According to Joynicole Martinez, to eradicate racism, it was necessary to promote an anti-racism attitude at different levels including individual, interpersonal, and institutional ones. At the same time, racism should not be erased from history. It is the desire to whitewash the past that dooms us to repeat it.
“So we do not repeat the mistakes of our past, how do we enter into these candid conversations? Bring your whole and best self.”
Develop self-knowledge and come to a true knowledge of yourself. Self-knowledge allows every person to think more about what he or she says and does, to ensure that he or she doesn’t hurt or cause conflict in somebody. Self aware people can embrace their contradictions and inconsistencies. That helps prevent them from projecting their negative aspects onto other people.
“When you practice self-knowledge, you become a better version of yourself. You begin to understand your feelings better, clearly define your life principles and positions, and become more open by accepting the knowledge, experience, and perspectives of others.”
It is important for a person to be sincere with himself or herself and recognize that he or she is not free of stereotyped thinking. According to the expert, that’s a difficult but necessary process to answer to your own question if you are a racist or not.
Be an active listener. Active listening involves paying full and careful attention to the other person. Ms. Martinez recommends avoiding interruptions. Reflecting your understanding, clarifying information, and delicacy in sharing your own opinion are necessary to be an active listener.

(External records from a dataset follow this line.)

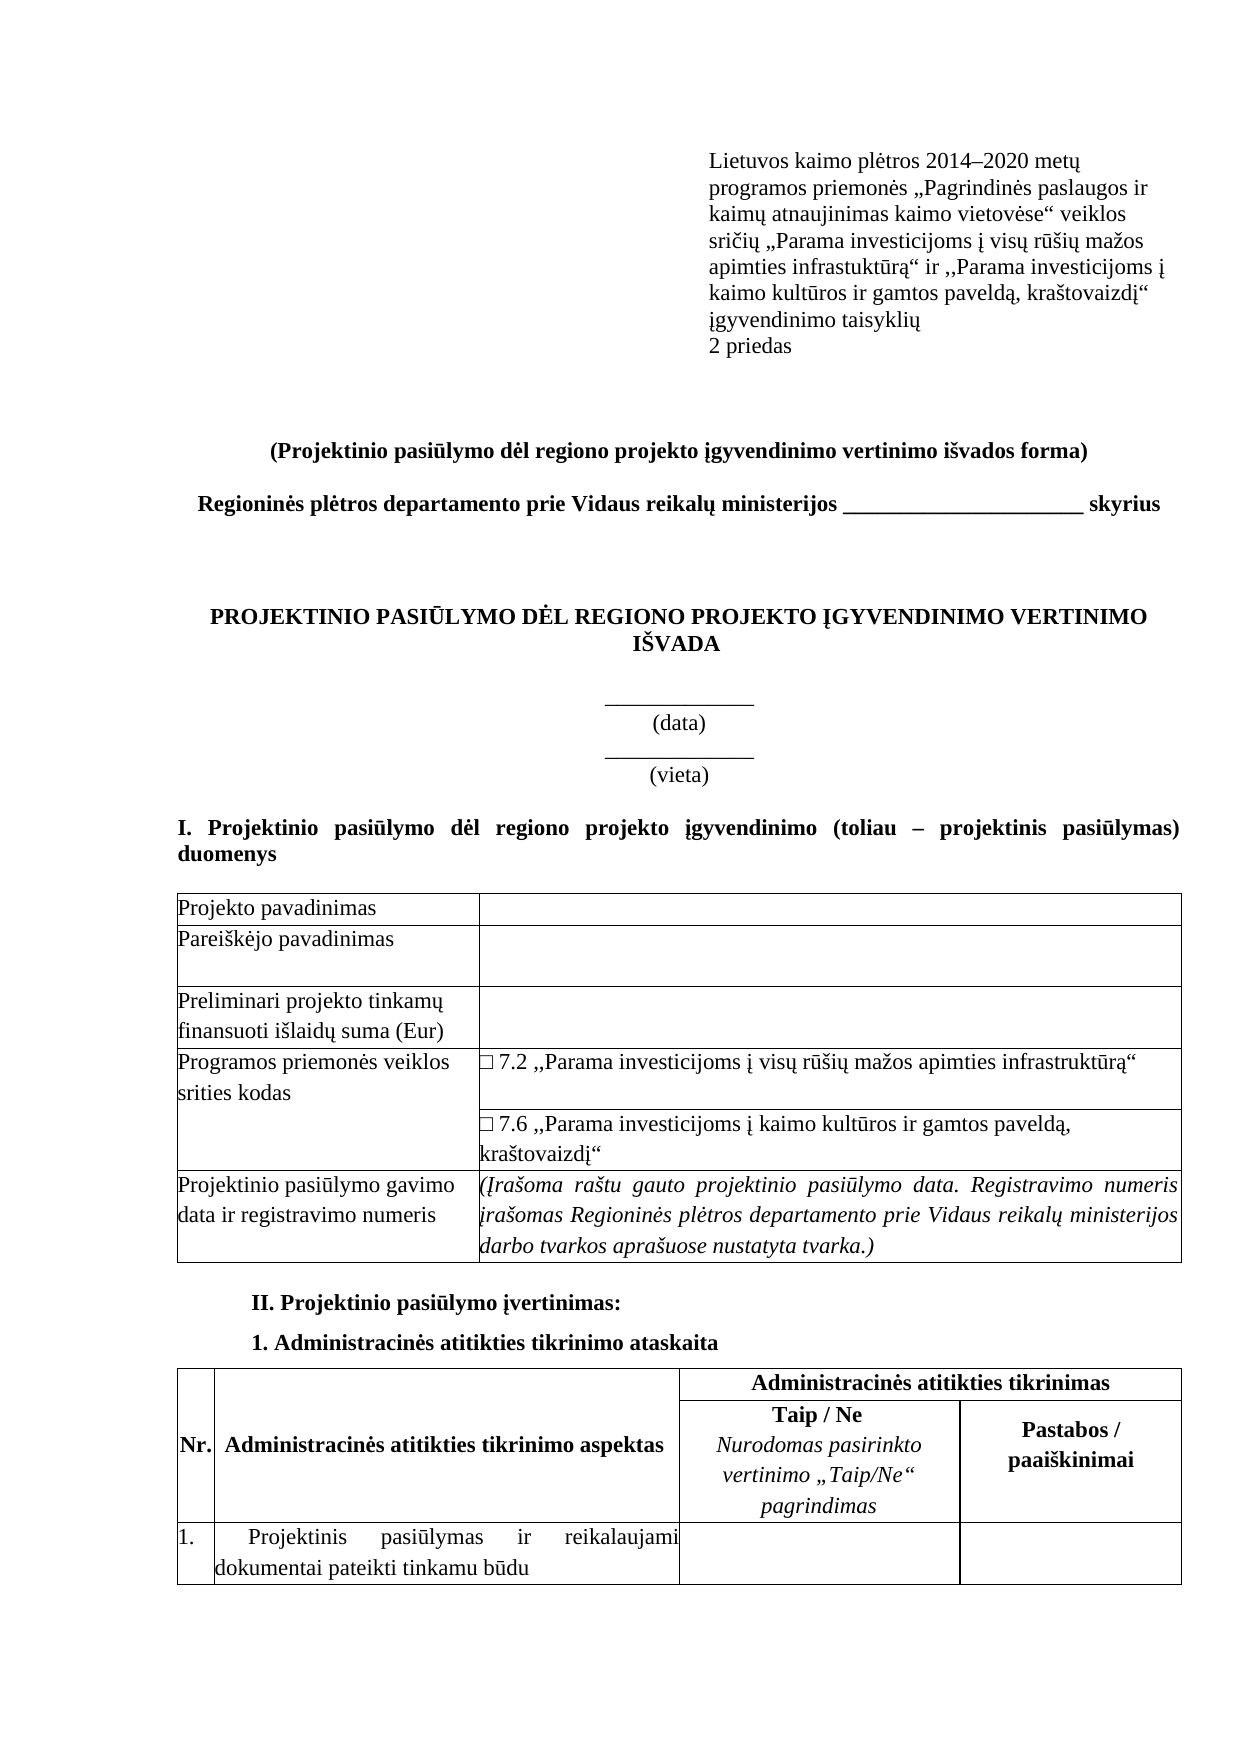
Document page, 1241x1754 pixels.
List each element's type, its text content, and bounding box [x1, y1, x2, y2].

table_cell [680, 1523, 959, 1584]
table_header Administracinės atitikties tikrinimo aspektas [215, 1369, 679, 1522]
table_cell □ 7.6 ,,Parama investicijoms į kaimo kultūros ir gamtos paveldą, kraštovaizdį“ [480, 1110, 1181, 1170]
table_header Projekto pavadinimas [178, 894, 479, 924]
table_cell Projektinis pasiūlymas ir reikalaujami dokumentai pateikti tinkamu būdu [215, 1523, 679, 1584]
table_cell Programos priemonės veiklos srities kodas [178, 1049, 479, 1170]
text 2 priedas [709, 332, 1181, 358]
table_cell Taip / Ne Nurodomas pasirinkto vertinimo „Taip/Ne“ pagrindimas [680, 1401, 959, 1522]
text (data) [177, 709, 1181, 735]
table_cell 1. [178, 1523, 214, 1584]
text II. Projektinio pasiūlymo įvertinimas: [177, 1289, 1181, 1316]
text PROJEKTINIO PASIŪLYMO DĖL REGIONO PROJEKTO ĮGYVENDINIMO VERTINIMO IŠVADA [177, 603, 1181, 656]
text 1. Administracinės atitikties tikrinimo ataskaita [236, 1329, 1181, 1355]
table_header [480, 894, 1181, 924]
text I. Projektinio pasiūlymo dėl regiono projekto įgyvendinimo (toliau – projektinis pasiūlymas) duomenys [177, 814, 1181, 867]
text (vieta) [177, 761, 1181, 788]
table_cell Projektinio pasiūlymo gavimo data ir registravimo numeris [178, 1171, 479, 1262]
table_cell Pastabos / paaiškinimai [961, 1401, 1181, 1522]
text _____________ [177, 735, 1181, 761]
table_cell Pareiškėjo pavadinimas [178, 926, 479, 986]
table_cell □ 7.2 ,,Parama investicijoms į visų rūšių mažos apimties infrastruktūrą“ [480, 1049, 1181, 1109]
table_header Nr. [178, 1369, 214, 1522]
text _____________ [177, 682, 1181, 709]
text (Projektinio pasiūlymo dėl regiono projekto įgyvendinimo vertinimo išvados forma) [177, 437, 1181, 464]
table_cell (Įrašoma raštu gauto projektinio pasiūlymo data. Registravimo numeris įrašomas Regioninės plėtros departamento prie Vidaus reikalų ministerijos darbo tvarkos aprašuose nustatyta tvarka.) [480, 1171, 1181, 1262]
table_cell [480, 987, 1181, 1047]
table_header Administracinės atitikties tikrinimas [680, 1369, 1181, 1400]
table_cell [961, 1523, 1181, 1584]
table_cell [177, 520, 1181, 551]
text Lietuvos kaimo plėtros 2014–2020 metų programos priemonės „Pagrindinės paslaugos ir kaimų atnaujinimas kaimo vietovėse“ veiklos sričių „Parama investicijoms į visų rūšių mažos apimties infrastuktūrą“ ir ,,Parama investicijoms į kaimo kultūros ir gamtos paveldą, kraštovaizdį“ įgyvendinimo taisyklių [709, 148, 1181, 332]
table_header Regioninės plėtros departamento prie Vidaus reikalų ministerijos _____________________ skyrius [177, 490, 1181, 520]
table_cell [480, 926, 1181, 986]
table_cell Preliminari projekto tinkamų finansuoti išlaidų suma (Eur) [178, 987, 479, 1047]

“Listen to understand before you are understood.”
An active listener is an open and sincere person receptive to his or her interlocutor’s words. The main principle of effective communication is: listen to the words of the speaker for understanding, not just to determine whether the speaker is right or wrong.
Speak your truth. Courage and a willingness to take risks are necessary to be sincere when talking about race. It means that a person should be absolutely honest and candid about his or her thoughts and feelings. One should be ready to take the responsibility for one’s words. Discussions where all people say what others want to hear bring no use.
‘Lean in’ to discomfort. Sometimes it is necessary to discard many habitual or stereotyped ideas that people may be holding onto in order to move forward. At some moments, people can experience embarrassment, confusion, anxiety, or even fear. However, it will be much easier for them to communicate with people around them over time, even when touching upon most complex topics.
Enable empathy and compassion. Empathy and compassion allow you to understand the other person’s point of view. At such moments, the conversation becomes more sincere and open. A person’s ability to feel empathy helps him or her win people’s favour and attract them to important problems and topics.
“Expect and accept that there may not be closure. It is not likely that you will resolve your personal understanding about race or another person’s racial experience in a single conversation. The more you talk about race with another person, the more you learn and the more they will learn. Authentic and productive conversations about race are continuous and always evolving.”
Antiracism is a conscious choice of every person. It requires ongoing self-awareness and personal development through life. “In the absence of making antiracist choices, we consciously or unconsciously adhere to racist ideas”, said Joynicole Martinez. The expert emphasized that the Peace 50 community established within the Summer Peace Summit in 2019 has become an important part of her life. This circle of like-minders helps Ms. Martinez feel comfortable and safe, loved and accepted. She can fulfil her potential knowing that her opinion is appreciated and respected. All those are main principles of antiracism.